Eventually, a stable community of plant and animal life is formed - this is called the climax community. The ecosystem is now supporting the largest and most complex community possible and the ecosystem stops changing significantly.
Energy transfer through ecosystems
Energy enters the food chain when producers absorb light energy and convert it into chemical energy during photosynthesis.
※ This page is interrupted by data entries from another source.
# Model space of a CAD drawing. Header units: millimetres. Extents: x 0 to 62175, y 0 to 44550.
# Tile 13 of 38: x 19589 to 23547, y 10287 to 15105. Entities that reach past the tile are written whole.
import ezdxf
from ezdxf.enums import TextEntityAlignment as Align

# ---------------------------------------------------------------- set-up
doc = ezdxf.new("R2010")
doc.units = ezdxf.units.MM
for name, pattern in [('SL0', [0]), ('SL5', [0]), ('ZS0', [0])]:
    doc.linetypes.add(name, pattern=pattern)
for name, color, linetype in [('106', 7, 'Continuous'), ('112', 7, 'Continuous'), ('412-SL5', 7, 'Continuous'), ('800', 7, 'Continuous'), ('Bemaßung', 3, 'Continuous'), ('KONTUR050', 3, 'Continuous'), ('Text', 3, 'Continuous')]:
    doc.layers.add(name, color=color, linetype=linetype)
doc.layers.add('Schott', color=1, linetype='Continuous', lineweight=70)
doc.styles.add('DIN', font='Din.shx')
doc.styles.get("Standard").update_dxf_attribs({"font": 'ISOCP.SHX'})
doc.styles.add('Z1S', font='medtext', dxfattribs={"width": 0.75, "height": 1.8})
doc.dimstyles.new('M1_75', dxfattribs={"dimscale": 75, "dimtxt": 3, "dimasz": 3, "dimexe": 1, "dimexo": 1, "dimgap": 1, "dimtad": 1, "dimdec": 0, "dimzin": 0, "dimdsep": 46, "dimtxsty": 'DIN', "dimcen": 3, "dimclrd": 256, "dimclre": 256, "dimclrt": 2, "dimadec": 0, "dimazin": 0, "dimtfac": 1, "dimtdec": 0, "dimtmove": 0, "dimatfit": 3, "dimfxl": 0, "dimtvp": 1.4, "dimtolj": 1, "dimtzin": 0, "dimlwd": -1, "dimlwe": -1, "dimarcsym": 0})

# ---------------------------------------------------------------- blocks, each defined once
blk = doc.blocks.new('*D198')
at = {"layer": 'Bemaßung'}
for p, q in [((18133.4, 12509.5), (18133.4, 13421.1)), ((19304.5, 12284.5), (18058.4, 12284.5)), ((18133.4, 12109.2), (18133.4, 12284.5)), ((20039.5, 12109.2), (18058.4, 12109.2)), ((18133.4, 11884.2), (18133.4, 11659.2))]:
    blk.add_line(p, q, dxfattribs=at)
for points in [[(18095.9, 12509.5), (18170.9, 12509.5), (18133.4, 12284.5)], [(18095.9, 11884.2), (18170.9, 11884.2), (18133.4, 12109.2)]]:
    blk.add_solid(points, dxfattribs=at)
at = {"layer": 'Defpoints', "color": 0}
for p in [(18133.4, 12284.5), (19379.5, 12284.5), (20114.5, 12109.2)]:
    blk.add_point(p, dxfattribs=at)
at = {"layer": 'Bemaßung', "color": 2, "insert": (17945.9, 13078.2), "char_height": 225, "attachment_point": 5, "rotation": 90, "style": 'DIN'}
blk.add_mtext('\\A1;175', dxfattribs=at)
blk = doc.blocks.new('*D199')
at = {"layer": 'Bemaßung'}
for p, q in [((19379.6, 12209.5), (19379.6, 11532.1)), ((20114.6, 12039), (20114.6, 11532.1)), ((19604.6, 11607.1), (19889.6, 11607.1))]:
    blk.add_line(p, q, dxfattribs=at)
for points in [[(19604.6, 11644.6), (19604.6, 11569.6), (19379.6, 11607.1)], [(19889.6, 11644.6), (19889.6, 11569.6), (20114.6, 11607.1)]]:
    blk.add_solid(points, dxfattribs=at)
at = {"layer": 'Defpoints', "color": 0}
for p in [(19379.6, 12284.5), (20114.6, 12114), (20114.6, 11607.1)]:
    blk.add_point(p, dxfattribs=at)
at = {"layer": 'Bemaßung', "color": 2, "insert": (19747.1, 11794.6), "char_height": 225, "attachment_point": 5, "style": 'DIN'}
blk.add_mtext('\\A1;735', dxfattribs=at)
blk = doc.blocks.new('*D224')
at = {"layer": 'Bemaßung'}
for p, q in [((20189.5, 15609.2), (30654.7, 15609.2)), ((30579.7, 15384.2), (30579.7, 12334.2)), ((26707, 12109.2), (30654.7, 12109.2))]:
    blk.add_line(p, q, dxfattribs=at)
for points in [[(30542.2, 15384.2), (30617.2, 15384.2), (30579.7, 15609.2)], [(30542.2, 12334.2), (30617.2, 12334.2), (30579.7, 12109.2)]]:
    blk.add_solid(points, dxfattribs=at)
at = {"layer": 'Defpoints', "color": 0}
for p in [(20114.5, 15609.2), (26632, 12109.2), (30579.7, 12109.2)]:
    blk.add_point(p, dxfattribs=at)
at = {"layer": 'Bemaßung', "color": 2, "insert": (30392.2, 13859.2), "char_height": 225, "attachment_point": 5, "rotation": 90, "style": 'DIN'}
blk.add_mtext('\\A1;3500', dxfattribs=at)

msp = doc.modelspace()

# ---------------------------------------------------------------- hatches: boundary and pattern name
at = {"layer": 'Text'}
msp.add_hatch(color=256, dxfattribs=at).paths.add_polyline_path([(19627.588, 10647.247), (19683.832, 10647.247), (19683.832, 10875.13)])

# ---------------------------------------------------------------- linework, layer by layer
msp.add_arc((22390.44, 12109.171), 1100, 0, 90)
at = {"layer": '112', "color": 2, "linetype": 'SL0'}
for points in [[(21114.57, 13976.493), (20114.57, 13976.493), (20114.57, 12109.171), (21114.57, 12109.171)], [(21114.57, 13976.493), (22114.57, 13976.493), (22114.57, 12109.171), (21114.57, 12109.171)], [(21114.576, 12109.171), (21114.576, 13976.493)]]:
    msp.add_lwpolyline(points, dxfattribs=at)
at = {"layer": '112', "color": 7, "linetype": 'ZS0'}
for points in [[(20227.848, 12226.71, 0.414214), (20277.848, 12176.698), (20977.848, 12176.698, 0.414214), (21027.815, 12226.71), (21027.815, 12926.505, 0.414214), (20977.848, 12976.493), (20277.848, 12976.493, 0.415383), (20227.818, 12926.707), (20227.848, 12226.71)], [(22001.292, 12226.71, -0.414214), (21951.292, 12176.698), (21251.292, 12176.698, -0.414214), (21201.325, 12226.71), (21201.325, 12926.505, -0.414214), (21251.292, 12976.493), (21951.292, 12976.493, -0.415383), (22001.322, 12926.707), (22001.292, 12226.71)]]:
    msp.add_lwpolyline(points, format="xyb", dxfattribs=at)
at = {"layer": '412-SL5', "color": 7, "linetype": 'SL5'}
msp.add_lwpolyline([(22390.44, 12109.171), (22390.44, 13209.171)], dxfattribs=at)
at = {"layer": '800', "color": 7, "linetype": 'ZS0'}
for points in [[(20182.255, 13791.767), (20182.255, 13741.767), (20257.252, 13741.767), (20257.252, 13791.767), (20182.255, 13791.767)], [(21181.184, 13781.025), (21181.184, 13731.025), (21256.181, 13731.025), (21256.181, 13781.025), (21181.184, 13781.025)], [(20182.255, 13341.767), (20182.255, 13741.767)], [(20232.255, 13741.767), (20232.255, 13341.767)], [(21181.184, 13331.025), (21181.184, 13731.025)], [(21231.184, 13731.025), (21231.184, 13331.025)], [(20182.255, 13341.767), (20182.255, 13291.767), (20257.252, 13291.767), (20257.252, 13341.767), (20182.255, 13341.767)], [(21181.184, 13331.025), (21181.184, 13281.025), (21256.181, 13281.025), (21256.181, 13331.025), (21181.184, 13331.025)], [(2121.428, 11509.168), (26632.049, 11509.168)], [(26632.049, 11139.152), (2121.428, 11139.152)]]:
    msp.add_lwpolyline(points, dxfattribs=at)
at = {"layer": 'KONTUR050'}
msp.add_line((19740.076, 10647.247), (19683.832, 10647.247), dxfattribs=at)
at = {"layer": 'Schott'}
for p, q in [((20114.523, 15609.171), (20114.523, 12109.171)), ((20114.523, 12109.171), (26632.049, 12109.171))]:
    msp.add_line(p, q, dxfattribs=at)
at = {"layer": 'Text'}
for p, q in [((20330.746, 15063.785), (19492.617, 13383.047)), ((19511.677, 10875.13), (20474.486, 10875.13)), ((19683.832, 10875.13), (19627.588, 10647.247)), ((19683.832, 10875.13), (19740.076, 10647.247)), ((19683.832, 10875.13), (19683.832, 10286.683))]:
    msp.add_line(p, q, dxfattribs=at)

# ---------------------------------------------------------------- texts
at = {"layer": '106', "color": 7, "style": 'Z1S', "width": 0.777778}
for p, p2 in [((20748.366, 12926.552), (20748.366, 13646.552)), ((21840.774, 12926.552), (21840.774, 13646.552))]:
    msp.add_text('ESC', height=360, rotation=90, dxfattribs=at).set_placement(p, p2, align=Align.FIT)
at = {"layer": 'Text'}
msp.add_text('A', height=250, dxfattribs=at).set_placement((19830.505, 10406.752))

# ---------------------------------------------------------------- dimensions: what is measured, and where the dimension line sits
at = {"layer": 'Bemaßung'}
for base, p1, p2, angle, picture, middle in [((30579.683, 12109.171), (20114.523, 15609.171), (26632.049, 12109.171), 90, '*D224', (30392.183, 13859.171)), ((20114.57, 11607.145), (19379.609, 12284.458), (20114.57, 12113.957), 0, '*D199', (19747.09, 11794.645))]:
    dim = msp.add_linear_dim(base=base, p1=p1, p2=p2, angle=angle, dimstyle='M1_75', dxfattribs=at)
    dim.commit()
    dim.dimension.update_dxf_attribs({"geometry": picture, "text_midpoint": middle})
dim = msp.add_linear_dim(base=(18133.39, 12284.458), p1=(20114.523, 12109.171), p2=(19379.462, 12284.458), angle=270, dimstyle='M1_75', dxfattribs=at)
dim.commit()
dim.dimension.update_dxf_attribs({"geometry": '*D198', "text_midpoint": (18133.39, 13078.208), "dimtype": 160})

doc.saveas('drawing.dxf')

The energy is used for the plant for growth and becomes biomass (biomass describes any living matter). When primary consumers eat the plants, the energy (and biomass) is transferred to the next trophic level. The energy is eventually passed onto secondary and then tertiary consumers.
Only a small proportion (around 40%) of the energy at one trophic level is passed on to the next. The rest is lost in the following ways:
Not all the light energy that hits the plant will be absorbed - some will hit non-photosynthetic parts of the plant (e.g. the tree trunk). Of the light energy that does hit a photosynthetic pigment, not all of it can be absorbed because it is the wrong wavelength (e.g. chlorophyll pigments are unable to absorb green parts of the visible spectrum, which is why they appear green to us).
Not all parts of an organism are eaten e.g. bones, beaks and roots. The energy is transferred to decomposers.
Consumers may not be able to completely digest the organism - e.g. humans are unable to completely break down plant cell walls and is converted into faeces. The energy is passed onto decomposers.
Of the 40% of total energy that is passed onto the next trophic level, only a quarter (10%) is converted into biomass and will be available to the next trophic level. The remaining 30% is used in respiration, movement and maintaining body temperature. This explains why food chains rarely exceed four or five trophic levels - there isn’t enough energy remaining by the time it is transferred to the tertiary consumer.
Measuring energy transfers between trophic levels
The official method of measuring energy transfers between trophic levels is to essentially roast the organisms in the oven to dehydrate them, weigh them and calculate the difference in mass between organisms at different trophic levels. That’s all fine for plants but not such a nice experiment where animals are involved. For this reason, scientists would usually estimate the dry mass of animals instead. Here’s the method anyway:
- Choose the area that you want to sample - e.g. a m2 area of woodland.
- Dry the different organisms in the food chain in an oven until their mass becomes constant - at this point you can be sure that all the water has been removed and you're left with only the dry mass (biomass).
- Multiply the results of the sample by the size of the total area (e.g. to work out the biomass of that organism in 1500 m2 of woodland.
- The difference in biomass between the trophic levels is the same as the amount of biomass transfer (or energy transfer) between the organisms.
The limitations with this approach are that it assumes that each consumer only consumes one type of organism - it wouldn’t work for consumers which feed on multiple food sources.
Net productivity
Biomass is the amount of energy that is available to the next trophic level - it can also be referred to as net productivity. You can think of this as the amount of weight an organism has been able to pack on - the fatter the organism, the more food (and energy) will be available for the organism that is going to eat it. Net productivity is calculated by taking the gross productivity (all the energy consumed by the organism) and subtracting the amount lost in respiration.
Whenever plants are involved, net productivity is referred to as Net Primary Productivity (NPP) because they are the first organisms in the food chain. It is calculated by taking the Gross Primary Productivity (GPP) and subtracting the energy used in plant respiration.
We can also calculate how efficient energy transfer is by dividing the net productivity by the total amount of energy taken in by the organism. This number is then multiplied by 100 to convert it into a percentage.